= TRY IT =
The listing below should be printed again word for word, without any images.

= MATERIAL PROVIDED =
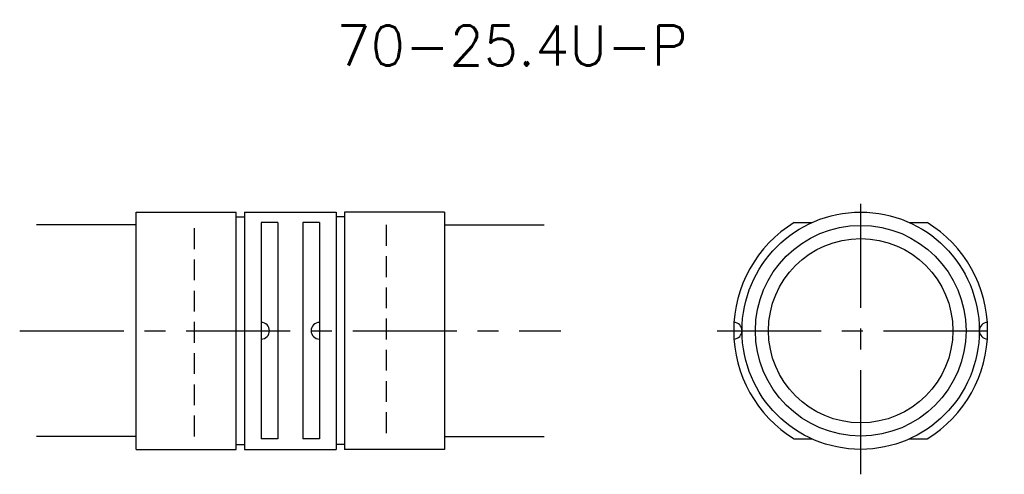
# Model space of a CAD drawing. Header units: millimetres. Extents: x 99 to 217, y 83 to 137.
import ezdxf
from ezdxf.enums import TextEntityAlignment as Align

# ---------------------------------------------------------------- set-up
doc = ezdxf.new("R2010")
doc.units = ezdxf.units.MM
doc.header["$LTSCALE"] = 10
doc.linetypes.add('CENTER', pattern=[2, 1.25, -0.25, 0.25, -0.25])
doc.linetypes.add('HIDDEN', pattern=[0.375, 0.25, -0.125])
doc.layers.get('0').update_dxf_attribs({"linetype": 'CONTINUOUS'})
for name, color, linetype in [('HOJO', 4, 'CONTINUOUS'), ('L-CENTER', 1, 'CENTER'), ('L-HIDDEN', 3, 'HIDDEN')]:
    doc.layers.add(name, color=color, linetype=linetype)
doc.styles.add('BIGFONT', font='txt', dxfattribs={"bigfont": 'bigfont'})

msp = doc.modelspace()

# ---------------------------------------------------------------- linework, layer by layer
for p, q in [((113, 114.25), (125, 114.25)), ((113, 85.75), (113, 114.25)), ((125, 85.75), (125, 114.25)), ((125, 113.67), (126, 113.67)), ((126, 114.25), (126, 85.75)), ((126, 114.25), (137, 114.25)), ((137, 114.25), (137, 85.75)), ((138, 113.67), (137, 113.67)), ((150, 114.25), (138, 114.25)), ((138, 114.25), (138, 85.75)), ((150, 114.25), (150, 85.75)), ((128, 113), (128, 87)), ((130, 113), (128, 113)), ((130, 113), (130, 87)), ((133, 113), (133, 87)), ((135, 113), (133, 113)), ((135, 113), (135, 87)), ((192.03, 113), (194.16, 113)), ((205.84, 113), (207.97, 113)), ((125, 86.32), (126, 86.32)), ((130, 87), (128, 87)), ((135, 87), (133, 87)), ((138, 86.32), (137, 86.32)), ((192.03, 87), (194.16, 87)), ((205.84, 87), (207.97, 87)), ((113, 85.75), (125, 85.75)), ((126, 85.75), (137, 85.75)), ((150, 85.75), (138, 85.75))]:
    msp.add_line(p, q)
for radius in [14.25, 12.65, 11.07]:
    msp.add_circle((200, 100), radius)
for centre, radius, start, end in [((200, 100), 15.25, 121.5199, 238.4801), ((200, 100), 15.25, 301.5199, 58.4801), ((128, 100), 1, 270, 90), ((135, 100), 1, 90, 270), ((184.75, 100), 1, 271.8789, 88.1211), ((215.25, 100), 1, 91.8789, 268.1211)]:
    msp.add_arc(centre, radius, start, end)
at = {"layer": 'HOJO'}
for p, q in [((113, 112.7), (101, 112.7)), ((150, 112.7), (162, 112.7)), ((113, 87.3), (101, 87.3)), ((150, 87.3), (162, 87.3))]:
    msp.add_line(p, q, dxfattribs=at)
at = {"layer": 'L-CENTER'}
for p, q in [((200, 82.75), (200, 117.25)), ((99, 100), (164, 100)), ((182.75, 100), (217.25, 100))]:
    msp.add_line(p, q, dxfattribs=at)
at = {"layer": 'L-HIDDEN'}
for p, q in [((120, 87.3), (120, 112.7)), ((143, 112.7), (143, 87.3))]:
    msp.add_line(p, q, dxfattribs=at)

# ---------------------------------------------------------------- texts
at = {"layer": 'HOJO', "style": 'BIGFONT'}
msp.add_text('70-25.4U-P', height=4.8, dxfattribs=at).set_placement((158.13, 134.25), align=Align.MIDDLE)

doc.saveas('drawing.dxf')

= TASK ANSWER =
# Model space of a CAD drawing. Header units: millimetres. Extents: x 99 to 217, y 83 to 137.
import ezdxf
from ezdxf.enums import TextEntityAlignment as Align

# ---------------------------------------------------------------- set-up
doc = ezdxf.new("R2010")
doc.units = ezdxf.units.MM
doc.header["$LTSCALE"] = 10
doc.linetypes.add('CENTER', pattern=[2, 1.25, -0.25, 0.25, -0.25])
doc.linetypes.add('HIDDEN', pattern=[0.375, 0.25, -0.125])
doc.layers.get('0').update_dxf_attribs({"linetype": 'CONTINUOUS'})
for name, color, linetype in [('HOJO', 4, 'CONTINUOUS'), ('L-CENTER', 1, 'CENTER'), ('L-HIDDEN', 3, 'HIDDEN')]:
    doc.layers.add(name, color=color, linetype=linetype)
doc.styles.add('BIGFONT', font='txt', dxfattribs={"bigfont": 'bigfont'})

msp = doc.modelspace()

# ---------------------------------------------------------------- linework, layer by layer
for p, q in [((113, 114.25), (125, 114.25)), ((113, 85.75), (113, 114.25)), ((125, 85.75), (125, 114.25)), ((125, 113.67), (126, 113.67)), ((126, 114.25), (126, 85.75)), ((126, 114.25), (137, 114.25)), ((137, 114.25), (137, 85.75)), ((138, 113.67), (137, 113.67)), ((150, 114.25), (138, 114.25)), ((138, 114.25), (138, 85.75)), ((150, 114.25), (150, 85.75)), ((128, 113), (128, 87)), ((130, 113), (128, 113)), ((130, 113), (130, 87)), ((133, 113), (133, 87)), ((135, 113), (133, 113)), ((135, 113), (135, 87)), ((192.03, 113), (194.16, 113)), ((205.84, 113), (207.97, 113)), ((125, 86.32), (126, 86.32)), ((130, 87), (128, 87)), ((135, 87), (133, 87)), ((138, 86.32), (137, 86.32)), ((192.03, 87), (194.16, 87)), ((205.84, 87), (207.97, 87)), ((113, 85.75), (125, 85.75)), ((126, 85.75), (137, 85.75)), ((150, 85.75), (138, 85.75))]:
    msp.add_line(p, q)
for radius in [14.25, 12.65, 11.07]:
    msp.add_circle((200, 100), radius)
for centre, radius, start, end in [((200, 100), 15.25, 121.5199, 238.4801), ((200, 100), 15.25, 301.5199, 58.4801), ((128, 100), 1, 270, 90), ((135, 100), 1, 90, 270), ((184.75, 100), 1, 271.8789, 88.1211), ((215.25, 100), 1, 91.8789, 268.1211)]:
    msp.add_arc(centre, radius, start, end)
at = {"layer": 'HOJO'}
for p, q in [((113, 112.7), (101, 112.7)), ((150, 112.7), (162, 112.7)), ((113, 87.3), (101, 87.3)), ((150, 87.3), (162, 87.3))]:
    msp.add_line(p, q, dxfattribs=at)
at = {"layer": 'L-CENTER'}
for p, q in [((200, 82.75), (200, 117.25)), ((99, 100), (164, 100)), ((182.75, 100), (217.25, 100))]:
    msp.add_line(p, q, dxfattribs=at)
at = {"layer": 'L-HIDDEN'}
for p, q in [((120, 87.3), (120, 112.7)), ((143, 112.7), (143, 87.3))]:
    msp.add_line(p, q, dxfattribs=at)

# ---------------------------------------------------------------- texts
at = {"layer": 'HOJO', "style": 'BIGFONT'}
msp.add_text('70-25.4U-P', height=4.8, dxfattribs=at).set_placement((158.13, 134.25), align=Align.MIDDLE)

doc.saveas('drawing.dxf')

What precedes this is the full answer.